Schema: {json.dumps(schema, indent=2)}
Text: {text}
JSON output:"""
The more specific your error message, the higher the chance the LLM fixes it correctly.
Multi-Turn Feedback with Conversation History
For complex extractions, maintain conversation history across retries. This context helps the LLM understand the task:
def extract_with_conversation(text: str, schema: dict, max_turns: int = 3) -> Optional[dict]:
"""Extract with multi-turn conversation for error correction."""
client = anthropic.Anthropic()
messages = []
for turn in range(max_turns):
if turn == 0:
# Initial request
user_msg = f"""Extract data from: {text}
Return valid JSON matching: {json.dumps(schema)}
JSON only, no markdown."""
else:
# Corrective request (previous errors provided)
user_msg = f"""Previous response had errors (see assistant message above).
Please fix and return valid JSON matching the schema.
JSON only."""
messages.append({"role": "user", "content": user_msg})

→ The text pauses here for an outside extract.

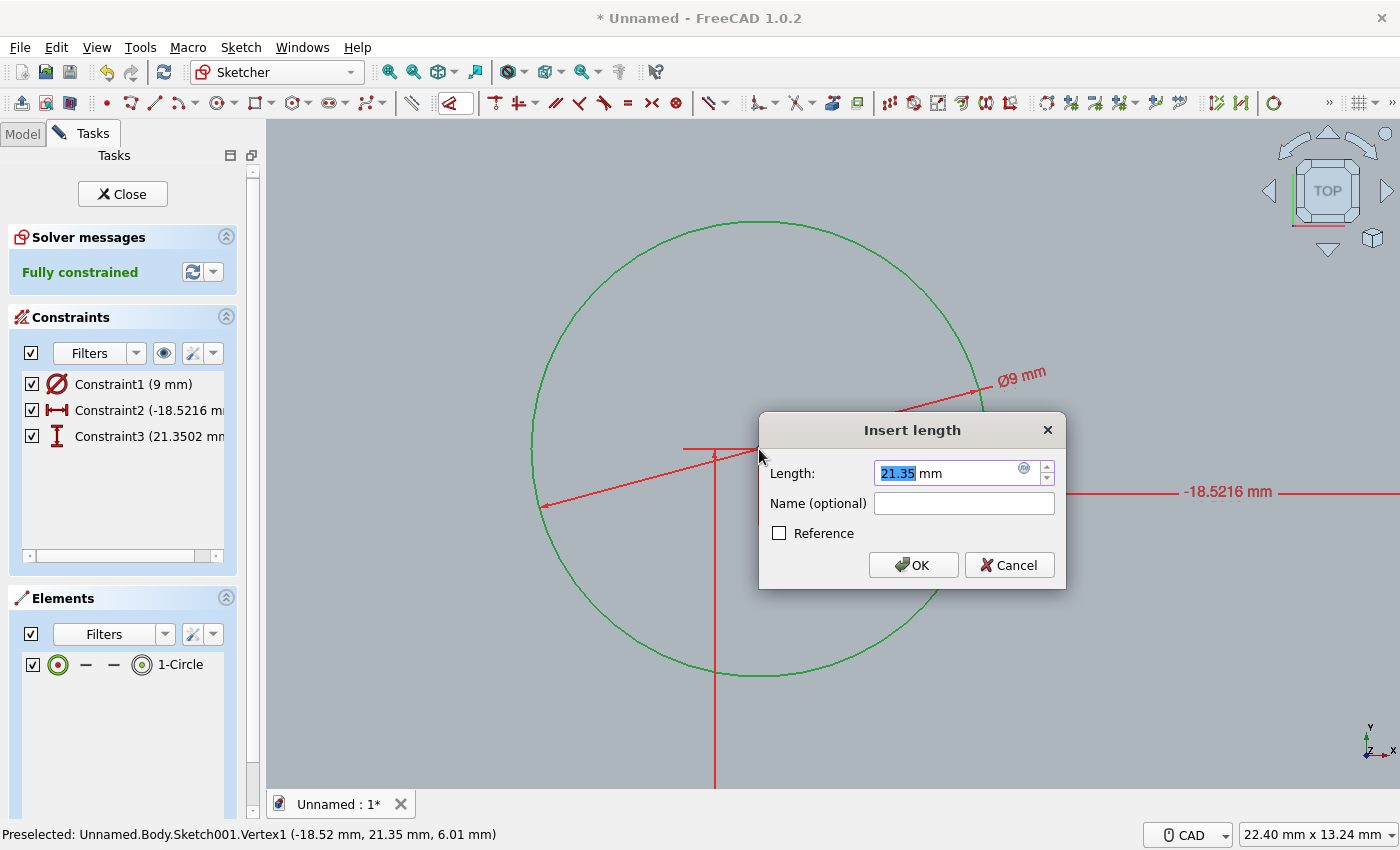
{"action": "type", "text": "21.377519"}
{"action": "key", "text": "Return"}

response = client.messages.create(
model="claude-3-5-sonnet-20241022",
max_tokens=500,
messages=messages
)
assistant_msg = response.content[0].text
messages.append({"role": "assistant", "content": assistant_msg})
# Validate
try:
parsed = json.loads(assistant_msg)
# If valid, add correction feedback for next turn
jsonschema.validate(parsed, schema)
return parsed
except (json.JSONDecodeError, jsonschema.ValidationError) as e:
# Add error as next user message
error_details = f"Validation error: {str(e)[:200]}"
messages.append({"role": "user", "content": error_details})
return None
The conversation history provides context. The LLM can "see" its previous attempt and the error, enabling better corrections.

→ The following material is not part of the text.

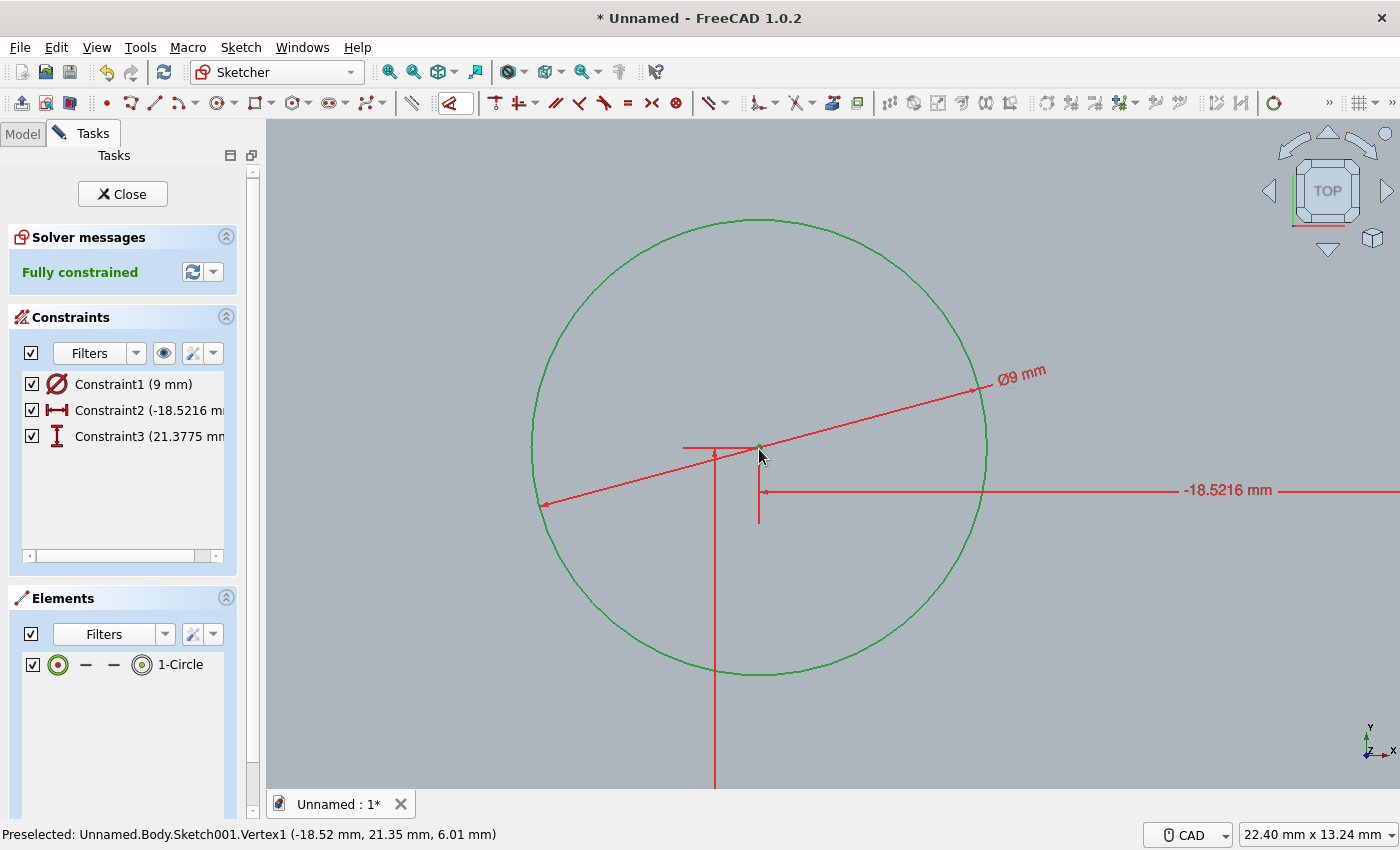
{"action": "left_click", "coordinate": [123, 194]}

Comparison: Feedback Strategies
| Strategy | Improvement | Setup Time | Cost | Best For |
|---|---|---|---|---|
| Blind retry (same prompt) | 10–15% | Minimal | High (extra calls) | Testing, low-stakes |
| Generic feedback | 20–25% | Low | Medium | Most production systems |
| Specific error feedback | 30–35% | Medium | Medium | Validation-heavy systems |
| Multi-turn conversation | 35–40% | High | Medium-High | Complex extractions, high value |
Key Takeaways
- Error feedback loops increase output quality by 30–40% with no model retraining.

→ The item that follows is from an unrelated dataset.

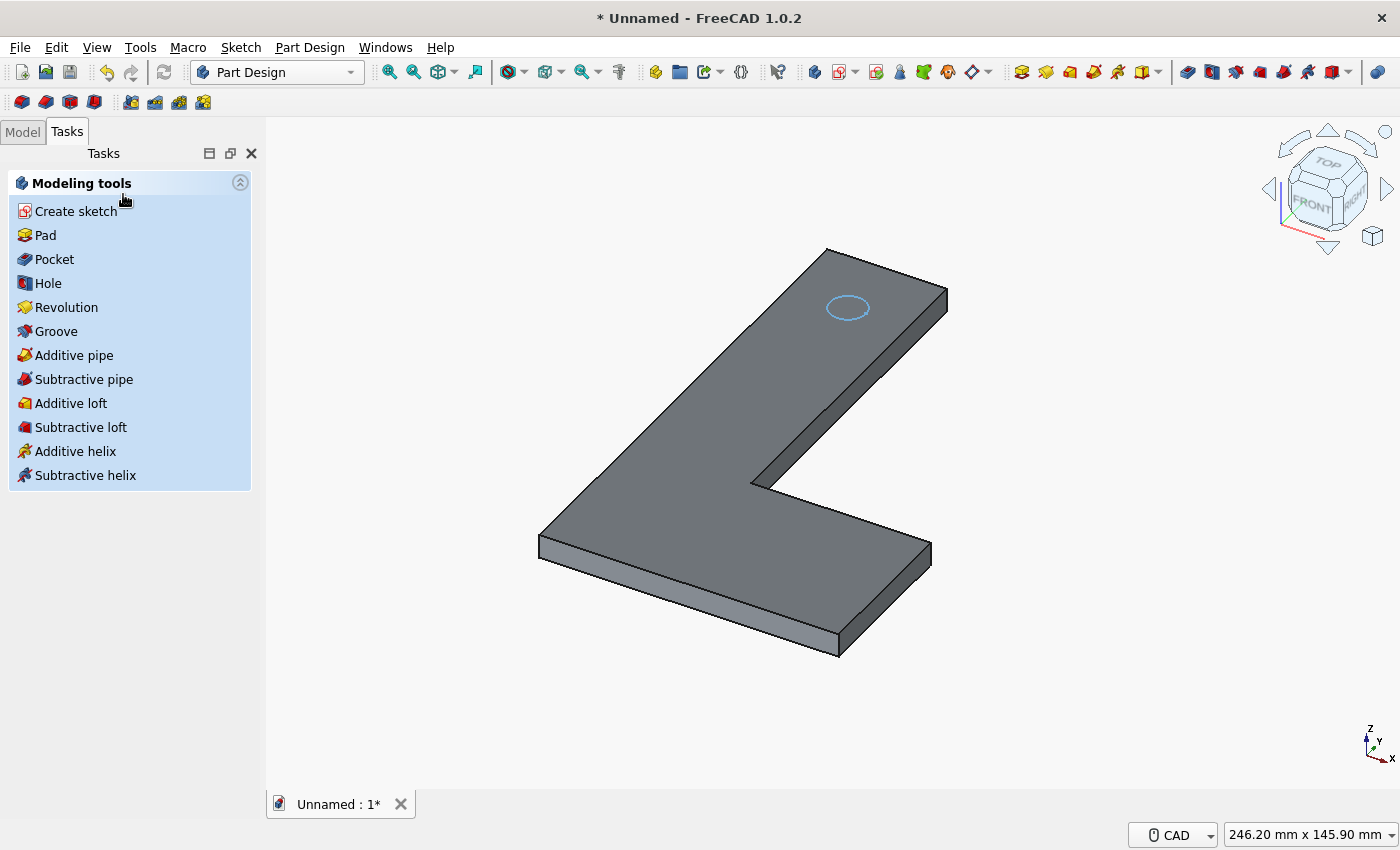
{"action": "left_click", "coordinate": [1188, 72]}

- Specific, detailed error messages are more effective than generic "try again" prompts.
- Maintain conversation history across retries for context and better corrections.
- Set a retry limit (3–5 retries) to avoid infinite loops and excessive costs.
- Log all validation failures and feedback attempts for analysis.
Frequently Asked Questions
How many retries should I allow?
Most production systems use 2–3 retries. Beyond that, diminishing returns kick in and costs climb. If a task fails 3 times, it likely needs a different approach (schema change, model switch, or human escalation).
How do I know if my feedback was effective?
Track success rates before and after feedback. If feedback improves fix rate from 60% to 85%, it's working. Log the feedback messages and model whether certain feedback patterns are more effective.
Can I use feedback loops with streaming responses?
Yes, but it's complex. You'd buffer the response, then validate and retry. For streaming, consider validating incrementally (once a complete JSON object is available) or using constrained generation.
What if the LLM keeps failing the same way?
It's time to change the schema, the prompt, or the model. Repeating the same feedback isn't productive. Escalate to a human or fall back to a default value.